[[ SUPPLIED DATA, beginning ]]

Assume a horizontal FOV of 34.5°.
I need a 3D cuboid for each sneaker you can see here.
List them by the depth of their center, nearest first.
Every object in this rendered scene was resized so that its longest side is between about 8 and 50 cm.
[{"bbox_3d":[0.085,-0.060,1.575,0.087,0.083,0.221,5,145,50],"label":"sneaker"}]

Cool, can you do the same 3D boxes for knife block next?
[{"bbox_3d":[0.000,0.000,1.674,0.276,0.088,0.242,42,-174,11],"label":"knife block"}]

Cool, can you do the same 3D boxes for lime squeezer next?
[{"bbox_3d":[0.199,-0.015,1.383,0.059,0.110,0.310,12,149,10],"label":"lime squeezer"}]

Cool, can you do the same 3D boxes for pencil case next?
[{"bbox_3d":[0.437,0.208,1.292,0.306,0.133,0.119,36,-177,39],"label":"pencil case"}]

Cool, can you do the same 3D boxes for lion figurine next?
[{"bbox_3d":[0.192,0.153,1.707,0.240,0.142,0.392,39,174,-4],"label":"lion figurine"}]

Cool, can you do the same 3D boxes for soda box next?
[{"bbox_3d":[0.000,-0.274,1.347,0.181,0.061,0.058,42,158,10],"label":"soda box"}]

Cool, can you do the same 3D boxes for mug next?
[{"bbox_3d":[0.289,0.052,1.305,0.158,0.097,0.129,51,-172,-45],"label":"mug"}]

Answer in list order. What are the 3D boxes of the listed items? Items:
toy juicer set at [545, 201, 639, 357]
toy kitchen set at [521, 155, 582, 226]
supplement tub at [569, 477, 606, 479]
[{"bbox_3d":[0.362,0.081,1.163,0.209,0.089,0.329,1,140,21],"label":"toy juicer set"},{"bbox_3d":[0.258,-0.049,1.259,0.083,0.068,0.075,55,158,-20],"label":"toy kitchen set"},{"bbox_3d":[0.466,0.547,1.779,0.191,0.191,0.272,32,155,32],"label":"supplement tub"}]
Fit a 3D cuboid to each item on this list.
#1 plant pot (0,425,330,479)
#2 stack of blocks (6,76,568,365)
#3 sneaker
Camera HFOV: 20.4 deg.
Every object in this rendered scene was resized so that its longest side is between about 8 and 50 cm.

[[ SUPPLIED DATA, end ]]

**TASK REQUIREMENTS**
Return all lines of the material above in which "cuboid" occurs.

**WRITTEN ANSWER**
I need a 3D cuboid for each sneaker you can see here.
Fit a 3D cuboid to each item on this list.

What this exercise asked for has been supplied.